• **SUPPLIED RECORDS**:
******
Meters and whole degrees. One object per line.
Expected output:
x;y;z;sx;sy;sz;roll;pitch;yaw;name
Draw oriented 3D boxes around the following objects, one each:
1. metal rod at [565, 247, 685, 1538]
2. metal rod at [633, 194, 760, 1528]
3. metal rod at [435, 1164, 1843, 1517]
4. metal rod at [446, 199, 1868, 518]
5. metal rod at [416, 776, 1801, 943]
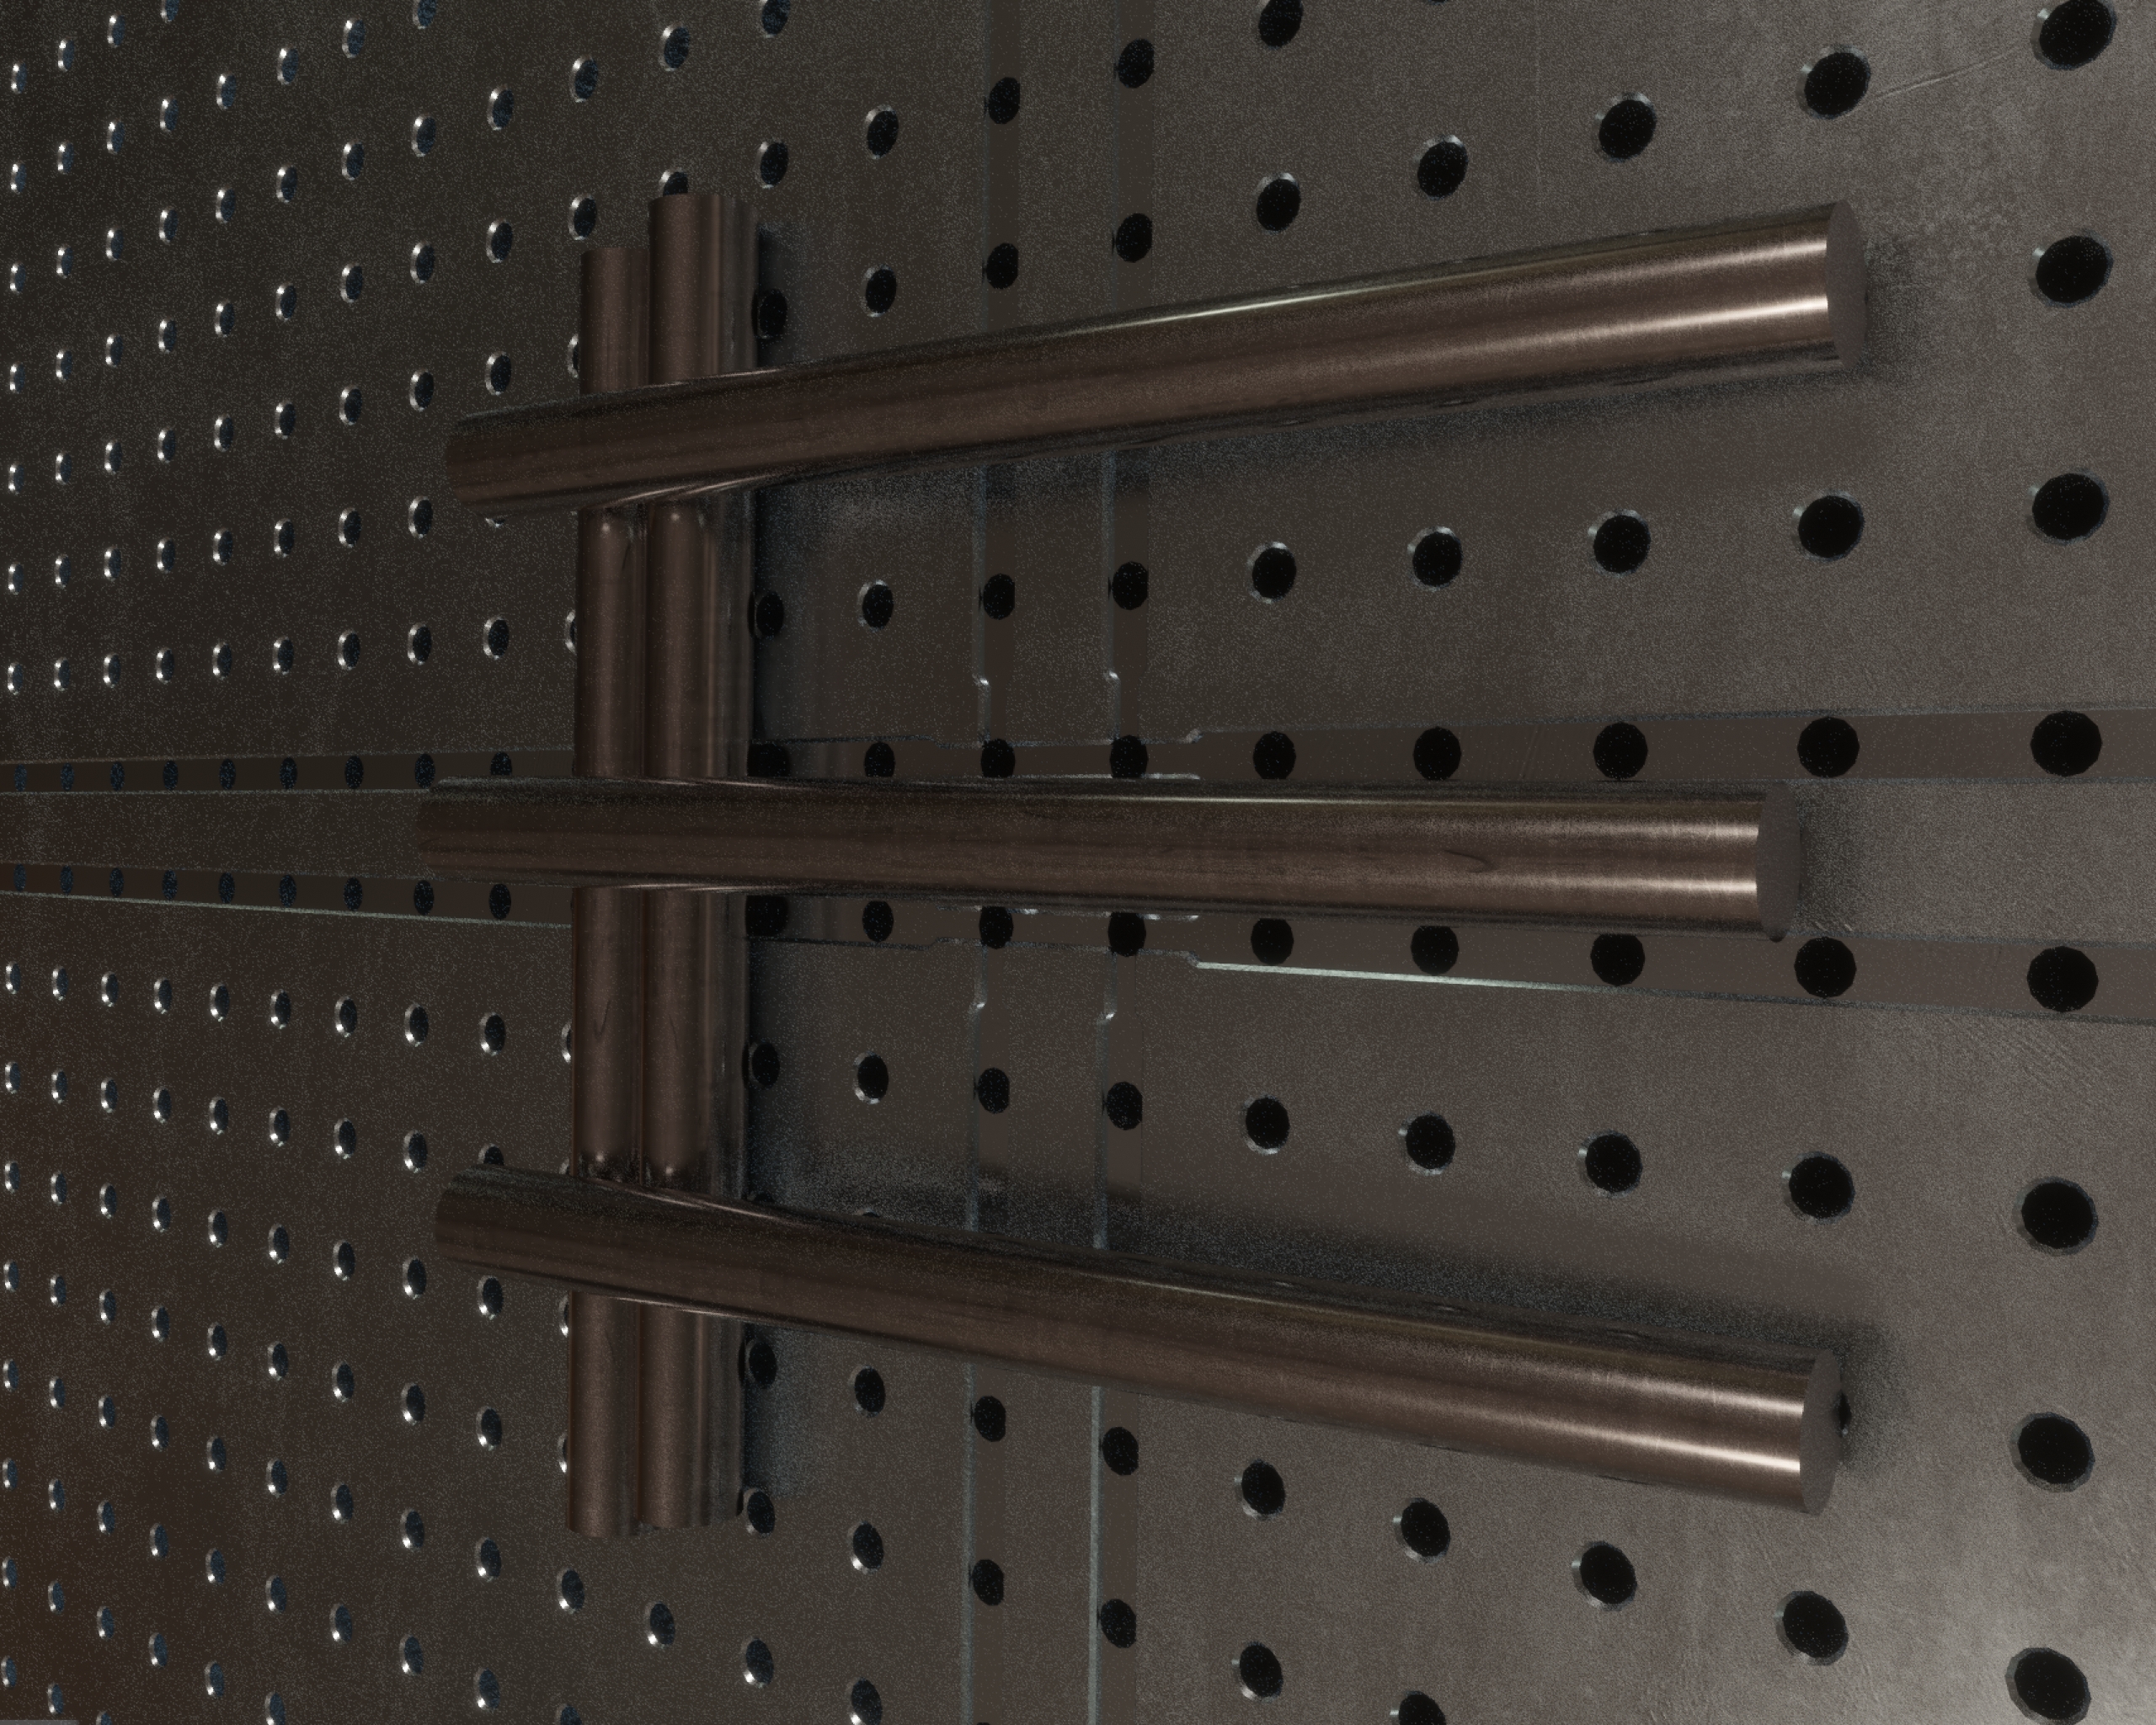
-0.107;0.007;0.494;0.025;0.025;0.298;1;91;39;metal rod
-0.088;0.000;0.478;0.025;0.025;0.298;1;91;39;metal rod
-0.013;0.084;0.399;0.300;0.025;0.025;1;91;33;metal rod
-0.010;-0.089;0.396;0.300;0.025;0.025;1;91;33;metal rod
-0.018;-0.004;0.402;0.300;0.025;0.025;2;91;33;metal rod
******
• **EXERCISE**:
Up to and including the line containing "4. metal rod at [446, 199, 1868, 518]", please write out the listing exactly, starting from its first line.

• **EXPECTED ANSWER**:
Meters and whole degrees. One object per line.
Expected output:
x;y;z;sx;sy;sz;roll;pitch;yaw;name
Draw oriented 3D boxes around the following objects, one each:
1. metal rod at [565, 247, 685, 1538]
2. metal rod at [633, 194, 760, 1528]
3. metal rod at [435, 1164, 1843, 1517]
4. metal rod at [446, 199, 1868, 518]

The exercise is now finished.